Résultat : on peut rester longtemps dans une position inconfortable sans s’en rendre compte.
Quand on pose enfin l’appareil, alors le cerveau “relâche” l’inhibition et tous les signaux de douleur affluent en même temps. C’est à ce moment-là que l’on ressent raideurs, tensions ou maux de tête.

 

Mon expérience et celle des athlètes

En tant qu’ancien sportif de haut niveau, j’ai moi-même expérimenté l’impact des positions prolongées sur les cervicales. J’ai également constaté ce phénomène chez les athlètes que j’ai pu accompagner, notamment au sein de l’équipe de France olympique.

Les occasions de voir des sportifs penchés sur un écran, pendant de longues minutes lors d’un entraînement (lors du temps de récupération en musculation par exemple) et entre les entraînements sont nombreuses. Les tensions qui en résultent sont identiques à celles observées chez des employés de bureau. La différence ? Les athlètes prennent conscience plus vite de l’inconfort et corrigent leur posture dès qu’ils y sont sensibilisés.

La routine express anti-“tech neck”

Voici une série d’exercices simples, inspirés des pratiques sportives (ELDOA, yoga, préparation physique) et validés par la littérature scientifique, pour contrer les effets du “tech neck” :

  1. Étirement cobra/sphinx – 20 secondes
    Allongé sur le ventre, appuyez sur vos avant-bras pour relever le buste. Étirez doucement et progressivement la colonne vertébrale en associant une respiration profonde
  2. Extensions cervicales – 5 répétitions
    Depuis la position assise ou debout, levez doucement le menton vers le plafond, à vitesse constante.sur le temps expiratoire ( 5s minimum )
  3. Rotations nuque/épaules – 5 rotations lentes dans chaque sens à vitesse constante sur un temps expiratoire ( 5s minimum)
    Relâchez les tensions des trapèzes et des muscles cervicaux.
  4. Auto-grandissement ELDOA – 30 secondes
    Assis ou debout, imaginez un fil qui tire le sommet de votre tête vers le plafond, tout en gardant le menton légèrement rentré.

💡 Astuce : associez cette routine à un geste quotidien (attente du café, appel téléphonique, etc.). Pour ceux qui travaillent en extérieur, utilisez un mur ou un poteau pour vous étirer.

Conseils pratiques pour un usage plus sain du smartphone

  • Surveillez la distance écran-yeux : idéalement 40–50 cm. Certaines applications et réglages de smartphone permettent de recevoir une alerte si l’écran est trop proche.
  • Programmez des pauses régulières : 2 minutes toutes les 20 minutes d’utilisation.
  • Ajustez luminosité et contraste pour éviter la fatigue visuelle qui accentue la tension cervicale.
  • Utilisez un support ou un bras articulé pour amener l’écran à hauteur des yeux.
  • Adoptez la posture dynamique : changez de position dès que possible, marchez en téléphonant et étirez-vous.

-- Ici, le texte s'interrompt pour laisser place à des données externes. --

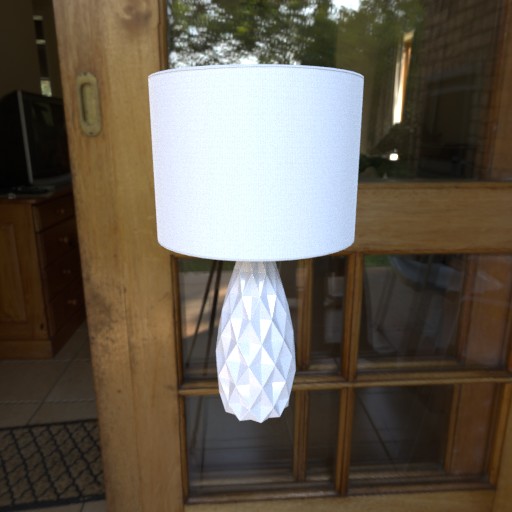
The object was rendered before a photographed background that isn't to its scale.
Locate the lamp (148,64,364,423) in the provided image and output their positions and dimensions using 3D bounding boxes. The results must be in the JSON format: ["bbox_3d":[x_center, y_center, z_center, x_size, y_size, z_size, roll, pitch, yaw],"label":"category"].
[{"bbox_3d":[0.000,0.000,0.693,0.297,0.522,0.297,0,15,0],"label":"lamp"}]

Bonus : la posture dynamique, l’arme secrète

La posture idéale n’est pas figée : c’est celle qui change régulièrement. Nos corps sont différents et conçus pour bouger. Même une bonne posture, si elle est maintenue trop longtemps, finit par générer des tensions.
Varier les positions, marcher, s’étirer régulièrement est la meilleure prévention possible.

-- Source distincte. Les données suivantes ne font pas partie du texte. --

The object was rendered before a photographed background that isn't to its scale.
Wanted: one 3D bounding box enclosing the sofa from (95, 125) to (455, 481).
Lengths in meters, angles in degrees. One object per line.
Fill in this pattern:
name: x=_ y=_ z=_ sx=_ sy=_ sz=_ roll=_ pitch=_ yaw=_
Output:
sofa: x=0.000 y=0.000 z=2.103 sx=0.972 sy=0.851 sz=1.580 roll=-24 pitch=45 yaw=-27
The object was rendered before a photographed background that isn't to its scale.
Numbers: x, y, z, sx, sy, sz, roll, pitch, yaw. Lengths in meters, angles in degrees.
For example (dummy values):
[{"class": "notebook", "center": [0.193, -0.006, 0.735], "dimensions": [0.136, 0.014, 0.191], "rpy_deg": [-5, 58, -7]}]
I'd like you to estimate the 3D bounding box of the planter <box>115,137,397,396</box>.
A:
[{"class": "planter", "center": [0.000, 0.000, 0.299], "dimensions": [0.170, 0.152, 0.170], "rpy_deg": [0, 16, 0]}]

Conclusion et appel à l’action

Le tech neck est une problématique moderne qui touche tout le monde, quel que soit l’âge ou le métier. Comprendre comment notre cerveau priorise les informations et pourquoi il ignore parfois les signaux corporels permet de mieux anticiper et prévenir les douleurs cervicales liées au smartphone.

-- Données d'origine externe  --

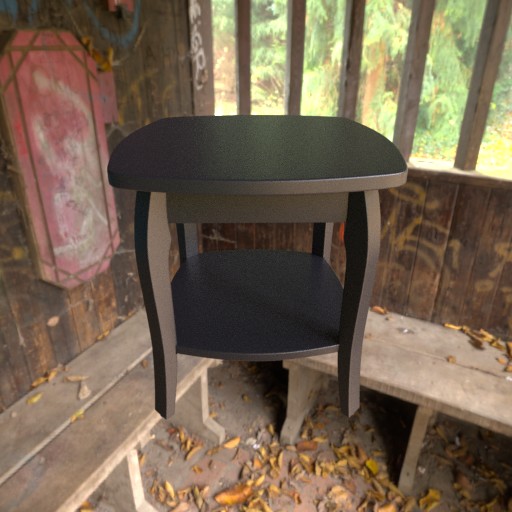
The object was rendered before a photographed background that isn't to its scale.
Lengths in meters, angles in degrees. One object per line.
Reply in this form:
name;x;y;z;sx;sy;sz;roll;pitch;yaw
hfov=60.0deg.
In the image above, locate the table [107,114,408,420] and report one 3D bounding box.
table;0.000;0.000;0.869;0.457;0.457;0.508;0;26;-1

La prévention est essentielle : intégrer de bons gestes posturaux, des pauses régulières et des exercices ciblés réduit significativement le risque de douleurs et de tensions chroniques. Dans chaque formation Cinésis, ce sujet est abordé afin de sensibiliser les participants et leur proposer des solutions concrètes pour protéger leur dos et leur nuque au quotidien, mais que ce soit sur un chantier, au bureau ou lors de l’utilisation du smartphone.

En appliquant quelques ajustements simples, et en intégrant une routine express anti–tech neck à votre quotidien, vous protégerez durablement votre dos et votre nuque… tout en continuant à profiter de vos écrans de manière plus saine.